Helpful Commands and Tools

Here are some helpful commands and utilities that can assist in debugging and viewing the status of a Kubernetes system outfitted with our solution.

Kubernetes Commands

Retrieve a list of all the nodes within a Kubernetes cluster (run this command on the master node of the cluster, or on a node where 'kubectl' is configured to access the Kubernetes API server process):

kubectl get nodes -o wide

Retrieve a list of all pods in the cluster:

kubectl get pods -o wide

Retieve a list of "Kubernetes System" pods. Pods deployed as part of the RDMA Hardware Daemon Set and Dummy Device Plugin will show up here:

kubectl get pods -o wide --namespace=kube-system

Delete a pod:

kubectl delete pods <POD_NAME>

Delete a Dameon Set:

kubectl delete ds --namespace kube-system <DAEMON_SET_NAME>

View the specific details of a pod:

kubectl describe pods <POD_NAME>

Viewing Information on RDMA Virtual Functions for a Node

Viewing the virtual functions configured on an interface:

ip link show <INTERFACE_NAME>
    ex: ip link show enp4s0f0

Note that the version of iproute2 (the package that provides the ip utility) on Ubuntu that we were using has a bug that causes it to crash when displaying VFs sometimes.
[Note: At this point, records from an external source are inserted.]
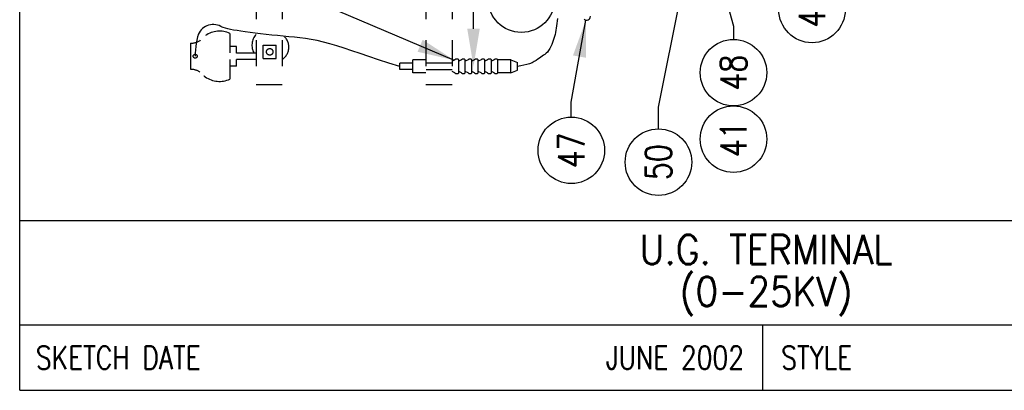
# Model space of a CAD drawing. Extents: x 0 to 7.1, y 0 to 9.85.
# Tile 1 of 4: x 0 to 4.71, y 0 to 1.77. Entities that reach past the tile are written whole.
import ezdxf
from ezdxf.enums import TextEntityAlignment as Align

# ---------------------------------------------------------------- set-up
doc = ezdxf.new("R2010")
doc.units = 0
doc.header["$MEASUREMENT"] = 0
doc.linetypes.add('HIDDEN2', pattern=[0.1875, 0.125, -0.0625])
doc.layers.add('E-DETL', color=2, linetype='CONTINUOUS')
doc.layers.add('E-DETL-TEXT', color=3, linetype='CONTINUOUS')
doc.styles.add('ROMANS', font='ROMANS.SHX', dxfattribs={"width": 0.8, "height": 0.109375})
doc.styles.get("Standard").update_dxf_attribs({"font": 'ROMANS.SHX', "width": 0.8, "height": 0.125})
doc.dimstyles.get("Standard").update_dxf_attribs({"dimtxt": 0.18, "dimasz": 0.18, "dimexe": 0.18, "dimexo": 0.0625, "dimgap": 0.09, "dimtad": 0, "dimtih": 1, "dimtoh": 1, "dimdec": 4, "dimzin": 0, "dimdsep": 46, "dimtxsty": 'Standard', "dimcen": 0.09, "dimadec": 0, "dimazin": 0, "dimtfac": 1, "dimtdec": 4, "dimtofl": 0, "dimtmove": 0, "dimatfit": 3, "dimfxl": 0, "dimtolj": 1, "dimtzin": 0, "dimarcsym": 0})

msp = doc.modelspace()

# ---------------------------------------------------------------- linework, layer by layer
at = {"layer": 'E-DETL'}
for p, q in [((0, 0), (0, 9.8484)), ((0, 0.8125), (7.1036, 0.8125)), ((0, 0.3125), (7.1036, 0.3125)), ((3.5518, 0.3125), (3.5518, 0)), ((0, 0), (7.1036, 0))]:
    msp.add_line(p, q, dxfattribs=at)
at = {"layer": 'E-DETL', "linetype": 'HIDDEN2'}
for p, q in [((1.1299, 4.1504), (1.1299, 1.4629)), ((1.2549, 4.1504), (1.2549, 1.4629)), ((1.9424, 4.1504), (1.9424, 1.4629)), ((2.0674, 4.1504), (2.0674, 1.4629)), ((1.0049, 1.7073), (1.0049, 1.6141)), ((0.8174, 1.6605), (0.8174, 1.5355)), ((1.1641, 1.5879), (1.1641, 1.6504)), ((1.1641, 1.6504), (1.2266, 1.6504)), ((1.2266, 1.5879), (1.2266, 1.6504)), ((1.0362, 1.645), (1.0049, 1.645)), ((1.0362, 1.6136), (1.0362, 1.645)), ((1.1299, 1.6136), (1.0362, 1.6136)), ((1.0049, 1.5831), (1.0049, 1.4887)), ((1.0362, 1.5667), (1.0362, 1.5823)), ((1.1299, 1.5823), (1.0362, 1.5823)), ((1.0362, 1.551), (1.0362, 1.5823)), ((1.1641, 1.5879), (1.2266, 1.5879)), ((1.0362, 1.551), (1.0049, 1.551)), ((1.1299, 1.4629), (1.2549, 1.4629)), ((1.9424, 1.4629), (2.0674, 1.4629))]:
    msp.add_line(p, q, dxfattribs=at)
at = {"layer": 'E-DETL', "color": 4}
for p, q in [((1.8174, 1.5346), (1.8174, 1.5646)), ((1.8799, 1.5646), (1.8174, 1.5646)), ((1.8799, 1.5184), (1.8799, 1.5809)), ((1.9424, 1.5809), (1.8799, 1.5809)), ((2.081, 1.5808), (2.0674, 1.5738)), ((2.0987, 1.5184), (2.0987, 1.5809)), ((2.1122, 1.5808), (2.0987, 1.5738)), ((2.1299, 1.5184), (2.1299, 1.5809)), ((2.1435, 1.5808), (2.1299, 1.5738)), ((2.1612, 1.5184), (2.1612, 1.5809)), ((2.1747, 1.5808), (2.1612, 1.5738)), ((2.1924, 1.5184), (2.1924, 1.5809)), ((2.206, 1.5808), (2.1924, 1.5738)), ((2.2237, 1.5184), (2.2237, 1.5809)), ((2.2372, 1.5808), (2.2237, 1.5738)), ((2.2549, 1.5184), (2.2549, 1.5809)), ((2.2685, 1.5808), (2.2549, 1.5738)), ((2.2862, 1.5184), (2.2862, 1.5809)), ((2.3487, 1.5809), (2.2862, 1.5809)), ((2.3487, 1.5809), (2.3799, 1.5676)), ((2.3487, 1.5184), (2.3487, 1.5809)), ((2.3799, 1.5317), (2.3799, 1.5676)), ((1.8799, 1.5346), (1.8174, 1.5346)), ((1.9424, 1.5184), (1.8799, 1.5184)), ((2.081, 1.5184), (2.0674, 1.5254)), ((2.1122, 1.5184), (2.0987, 1.5254)), ((2.1435, 1.5184), (2.1299, 1.5254)), ((2.1747, 1.5184), (2.1612, 1.5254)), ((2.206, 1.5184), (2.1924, 1.5254)), ((2.2372, 1.5184), (2.2237, 1.5254)), ((2.2685, 1.5184), (2.2549, 1.5254)), ((2.3487, 1.5184), (2.2862, 1.5184)), ((2.3487, 1.5184), (2.3799, 1.5317))]:
    msp.add_line(p, q, dxfattribs=at)
at = {"layer": 'E-DETL', "color": 4, "linetype": 'HIDDEN2'}
for p, q in [((1.9438, 1.566), (2.0677, 1.566)), ((1.9438, 1.5348), (2.0677, 1.5348))]:
    msp.add_line(p, q, dxfattribs=at)
at = {"layer": 'E-DETL'}
for points in [[(2.571, 1.7781), (2.5692, 1.7667), (2.5676, 1.7553), (2.5662, 1.744), (2.5647, 1.7329), (2.5632, 1.7222), (2.5615, 1.7118), (2.5595, 1.702), (2.5571, 1.6925), (2.5543, 1.6832), (2.5511, 1.6738), (2.5475, 1.6642), (2.5434, 1.6542), (2.5389, 1.6442), (2.534, 1.6346), (2.5287, 1.6258), (2.5232, 1.6182), (2.5173, 1.6122), (2.5112, 1.6072), (2.5049, 1.603), (2.4984, 1.5989), (2.4917, 1.5944), (2.4848, 1.5893), (2.4774, 1.5836), (2.4694, 1.5778), (2.4602, 1.5722), (2.4498, 1.567), (2.4378, 1.5625), (2.4245, 1.5587), (2.4102, 1.5554), (2.3952, 1.5524), (2.3799, 1.5496)], [(0.8545, 1.7032), (0.8508, 1.6907), (0.8469, 1.675), (0.844, 1.6594), (0.842, 1.644), (0.8407, 1.6287), (0.8397, 1.6135), (0.839, 1.5983)], [(1.8174, 1.5496), (1.7644, 1.5656), (1.7153, 1.5813), (1.6696, 1.5965), (1.6271, 1.611), (1.5876, 1.6247), (1.5506, 1.6372), (1.516, 1.6484), (1.4833, 1.6582), (1.4523, 1.6662), (1.4227, 1.6728), (1.3943, 1.6781), (1.3668, 1.6824), (1.3398, 1.6859), (1.3132, 1.6889), (1.2866, 1.6915), (1.2598, 1.6941), (1.2326, 1.6968), (1.2053, 1.6997), (1.1781, 1.7026), (1.1516, 1.7057), (1.1259, 1.7087), (1.1015, 1.7118), (1.0787, 1.7148), (1.0578, 1.7178), (1.0392, 1.7208), (1.0226, 1.7236), (1.008, 1.7265), (0.995, 1.7293), (0.9835, 1.7323), (0.9733, 1.7352), (0.9675, 1.7372)]]:
    msp.add_lwpolyline(points, dxfattribs=at)
at = {"layer": 'E-DETL', "linetype": 'HIDDEN2'}
for centre, radius in [((0.839, 1.5983), 0.00936), ((1.1954, 1.6192), 0.0156)]:
    msp.add_circle(centre, radius, dxfattribs=at)
at = {"layer": 'E-DETL', "color": 4}
for centre, radius, start, end in [((2.7107, 1.7882), 0.0176, 227.9638, 2.916), ((2.0899, 1.5715), 0.0129, 46.6743, 133.6354), ((2.1211, 1.5715), 0.0129, 46.6743, 133.6354), ((2.1524, 1.5715), 0.0129, 46.6743, 133.6354), ((2.1836, 1.5715), 0.0129, 46.6743, 133.6354), ((2.2149, 1.5715), 0.0129, 46.6743, 133.6354), ((2.2461, 1.5715), 0.0129, 46.6743, 133.6354), ((2.2774, 1.5715), 0.0129, 46.6743, 133.6354), ((2.0899, 1.5277), 0.0129, 226.3643, 313.3254), ((2.1211, 1.5277), 0.0129, 226.3643, 313.3254), ((2.1524, 1.5277), 0.0129, 226.3643, 313.3254), ((2.1836, 1.5277), 0.0129, 226.3643, 313.3254), ((2.2149, 1.5277), 0.0129, 226.3643, 313.3254), ((2.2461, 1.5277), 0.0129, 226.3643, 313.3254), ((2.2774, 1.5277), 0.0129, 226.3643, 313.3254)]:
    msp.add_arc(centre, radius, start, end, dxfattribs=at)
at = {"layer": 'E-DETL'}
msp.add_arc((0.9253, 1.6722), 0.0775, 55.9502, 156.9626, dxfattribs=at)
at = {"layer": 'E-DETL', "linetype": 'HIDDEN2'}
for centre, radius, start, end in [((0.9554, 1.5998), 0.1183, 65.2514, 124.7654), ((1.1857, 1.6509), 0.0755, 137.6154, 209.6516), ((1.2143, 1.6417), 0.0722, 304.2494, 55.75), ((0.8184, 1.7378), 0.0773, 269.2617, 306.7802), ((0.8184, 1.4582), 0.0773, 55.8032, 90.738), ((0.9554, 1.5961), 0.1183, 230.3602, 234.7359), ((0.9554, 1.5961), 0.1183, 234.7359, 294.7483)]:
    msp.add_arc(centre, radius, start, end, dxfattribs=at)
at = {"layer": 'E-DETL-TEXT'}
for p, q in [((3.0537, 1.3539), (3.1826, 1.9981)), ((2.1696, 1.7296), (2.1696, 1.9052)), ((1.465, 1.8393), (2.0775, 1.579)), ((2.6372, 1.3781), (2.707, 1.771)), ((2.6372, 1.3069), (2.6372, 1.3781)), ((3.0537, 1.2504), (3.0537, 1.3539))]:
    msp.add_line(p, q, dxfattribs=at)
for centre in [(2.3986, 1.8711), (3.788, 1.8218), (3.4123, 1.5196), (3.4123, 1.2016), (2.6372, 1.1479), (3.0537, 1.0914)]:
    msp.add_circle(centre, 0.159, dxfattribs=at)
for points in [[(2.6452, 1.6019), (2.707, 1.771), (2.7067, 1.591)], [(2.1396, 1.7296), (2.1996, 1.7296), (2.1696, 1.5496)], [(1.9266, 1.6771), (2.0775, 1.579), (1.9021, 1.6196)]]:
    msp.add_solid(points, dxfattribs=at)

# ---------------------------------------------------------------- texts
at = {"layer": 'E-DETL-TEXT', "style": 'ROMANS', "width": 0.8}
for s, p in [('46', (3.788, 1.8218)), ('48', (3.4123, 1.5196)), ('41', (3.4123, 1.2016)), ('47', (2.6372, 1.1479)), ('50', (3.0537, 1.0914))]:
    msp.add_text(s, height=0.125, rotation=90, dxfattribs=at).set_placement(p, align=Align.MIDDLE)
at = {"layer": 'E-DETL-TEXT', "style": 'ROMANS', "width": 0.9}
for s, p in [('U.G. TERMINAL', (3.5688, 0.6031)), ('(0-25KV)', (3.5688, 0.4031))]:
    msp.add_text(s, height=0.14, dxfattribs=at).set_placement(p, align=Align.CENTER)
at = {"layer": 'E-DETL-TEXT', "style": 'ROMANS', "width": 0.8}
for s, p in [('SKETCH DATE', (0.0773, 0.1563)), ('STYLE', (3.6406, 0.1563))]:
    msp.add_text(s, height=0.11, dxfattribs=at).set_placement(p, align=Align.MIDDLE_LEFT)
msp.add_text('JUNE 2002', height=0.11, dxfattribs=at).set_placement((3.463, 0.1563), align=Align.MIDDLE_RIGHT)

# ---------------------------------------------------------------- leaders
at = {"layer": 'E-DETL-TEXT'}
msp.add_leader([(3.2732, 2.2474), (3.4123, 1.7413), (3.4123, 1.6786)], dimstyle='Standard', override={"dimtxt": 0.09375, "dimgap": 0.03125, "dimdec": 0, "dimlunit": 4, "dimtxsty": 'ROMANS', "dimclrt": 256, "dimadec": 1, "dimtdec": 0, "dimtmove": 1}, dxfattribs=at)

doc.saveas('drawing.dxf')

To avoid this, use Mellanox's version of the utility, which should already be installed if you have installed Mellanox's OFED drivers for their RDMA cards:

/opt/mellanox/iproute2/sbin/ip link show <INTERFACE_NAME>

Executing a Shell Within a Kubernetes Container

To do this, first access the command line on the node in the cluster that the container is running on (ie: using SSH). Next, run docker ps to determine all of the Docker containers running on that node. Search this list for the container you are interested in (the CREATED time of the container, the COMMAND run inside of it, and the container IMAGE used can all be helpful here). Each pod will have at least two containers, once 'pause' container and one or more other application containers. When executing a shell, you should do so in one of the application containers. Once you have located the correct containers, find its CONTAINER ID and execute docker exec -it <container_id> /bin/bash (note that this assumes the container has the /bin/bash executable inside of it, adjust to your environment as necessary).

Errors

A couple of misc. issues and how to address them.

Kubernetes Failing to startup

If you receive an error similair to the following when running a kubectl command:

The connection to the server 129.21.34.14:6443 was refused - did you specify the right host or port?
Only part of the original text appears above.